Namun sore hari, lelaki tua itu datang menemui istrinya dan memberi peringatan. Hingga kemudian datang awan panas, Ponimin, 2 anak, menantu dan 2 cucunya  bersembunyi di balik mukena istrinya Yati. Ajaib mereka selamat, dan kemudian pergi meninggalkan lokasi dengan estafet memakai alas bantal karena tanah terasa panas. Pengalaman ajaib itu membuatnya menjadi kandidat kuat menggantikan Mbah Maridjan sebagai juru kunci Merapi. Namun Ponimin mengaku masih belum bisa mengambil sikap. Selama ini, Ponimin dikenal warga lereng Merapi sebagai orang pintar kedua setelah Mbah Maridjan. Dia biasa dimintai tolong warga untuk menentukan hari baik, mengusir setan, dan juga menjadi pawang hujan.(ndr/ken)

Dari keterangan pak ponimin yang mengatakan awan panas adalah sampah merapi, terminologi umum mengatakan awan panas adalah ‘wedhus gembel’, kemudian termonologi sesaji pada mbah marijan yang terkenal dengan ritual labuhan merapi sedikit berbeda dengan pak ponimin, yaitu sesaji berupa bubur.

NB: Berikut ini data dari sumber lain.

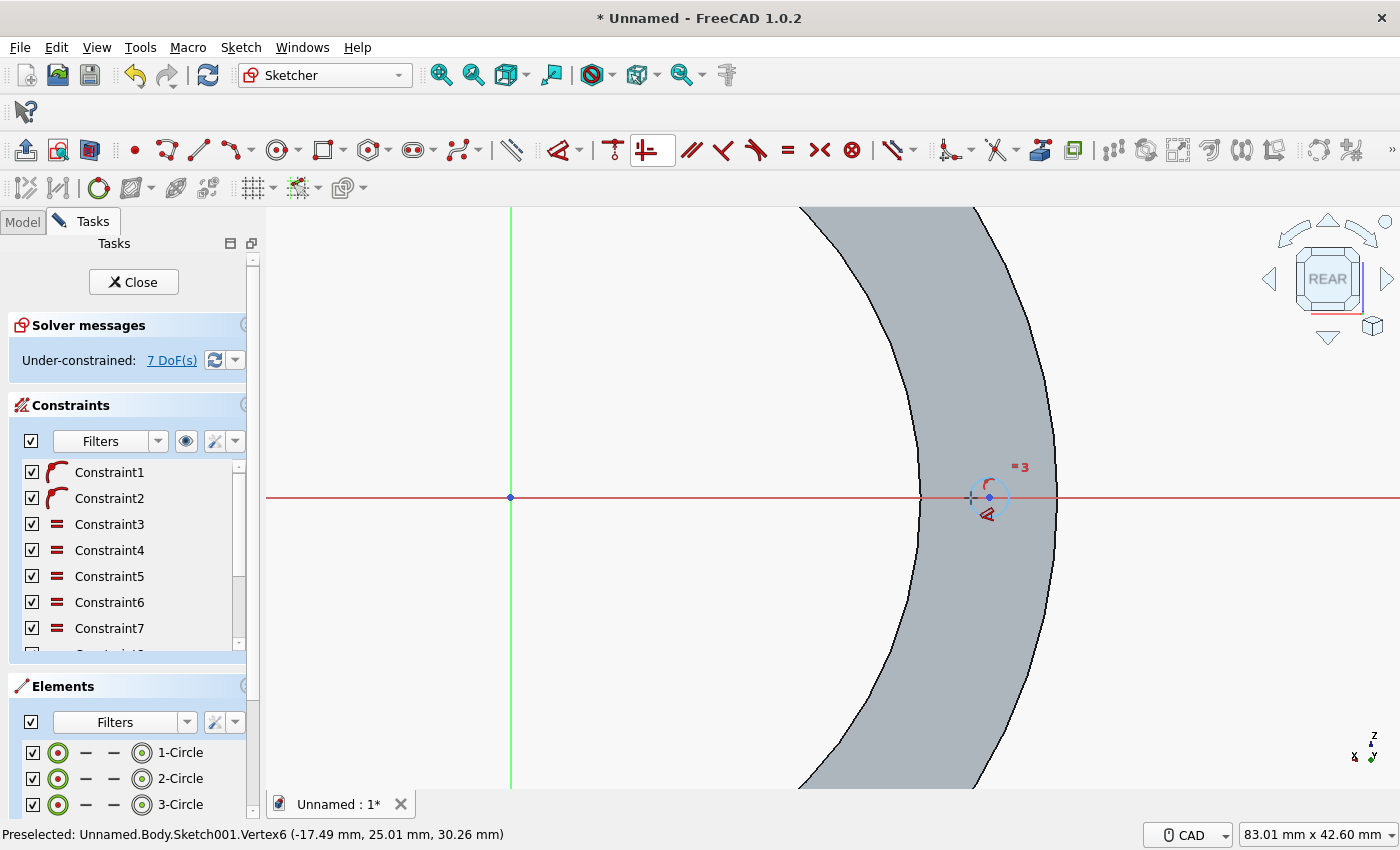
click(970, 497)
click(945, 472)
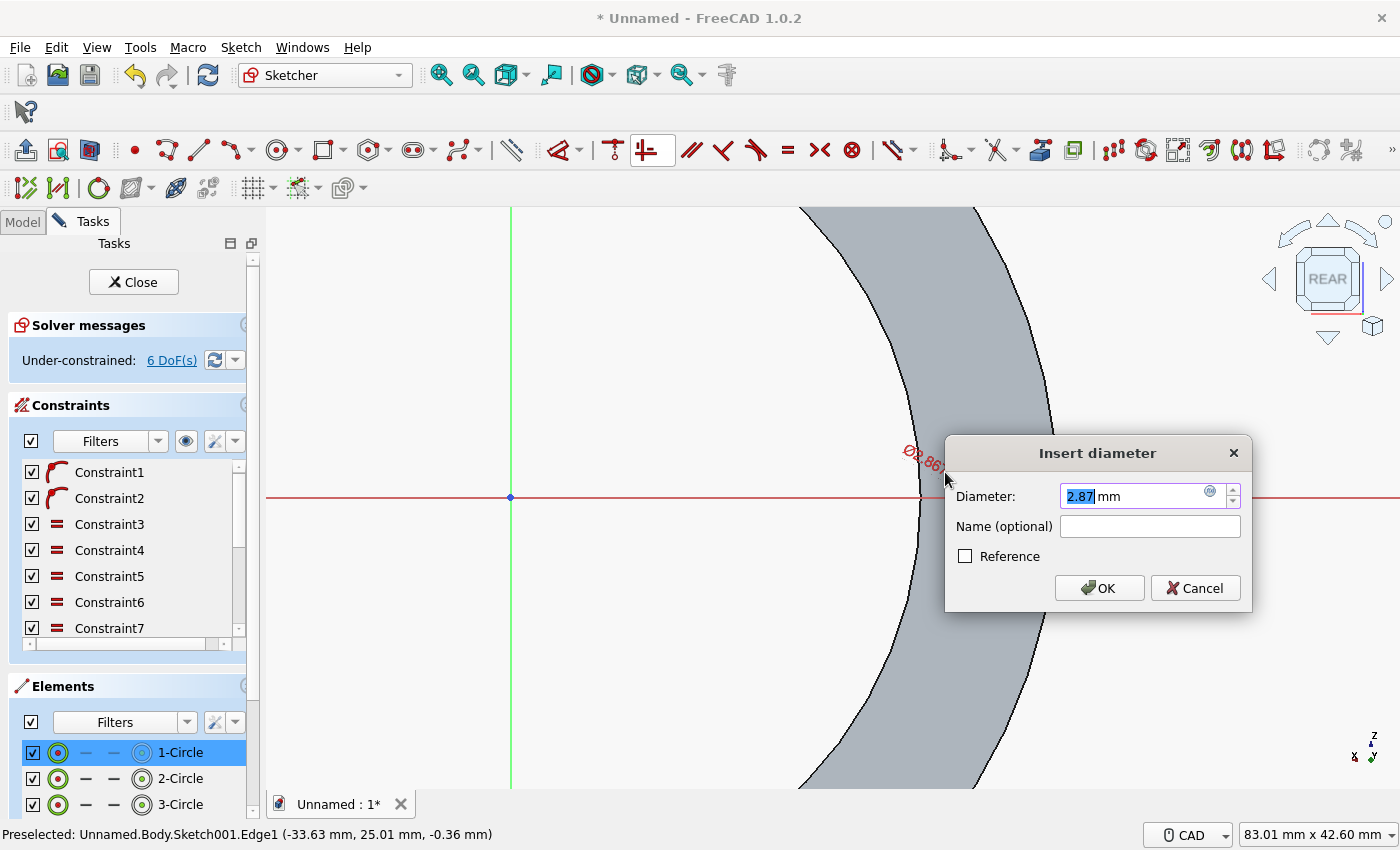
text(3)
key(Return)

Hal yang berbeda pula pada wawancara metrotvnews, istri pak ponimin mengatakan, “beliau sekeluarga selamat berkat doa-doa  nurbuat dan al-quran surat al-kahfi, secara sederhana istri pak ponimin mengatakan:

“saya hadap utara, baca surat al-kahfi, ditemua orang tua, ada api (mawa),orang tua bilang, koe nyingkiro aku arep ngancurake kraton ngayogyakarto, saya bilang ojo, lalu orang tua itu bilang : “ratumu ono apane kok dibelani koyok ngene” ….sambil berdoa nurbuat (doa tolak bala), saya bilang “ojo”, kemudian orang tua bilang “lek ngono arep tak orak-arik nen kene” (selengkapnya wawancara itu dapat di lihat di halaman: “Ponimin Penerus Mbah Maridjan?

Kesan bahwa pak ponimin sekeluarga di selamatkan oleh Allah swt hanya sedikit saja yang terulas, yang ter-ekspose di depan kita adalah sebuah sesaji bubur kemudian hanya pak ponimin yang akan diselamatkan oleh si mbah, lelaki berbaju lurik yang pada akhirnya itulah buah kesaktian pak ponimin begitu kesimpulan sederhana dari banyak masyarakat awam yang memahaminya.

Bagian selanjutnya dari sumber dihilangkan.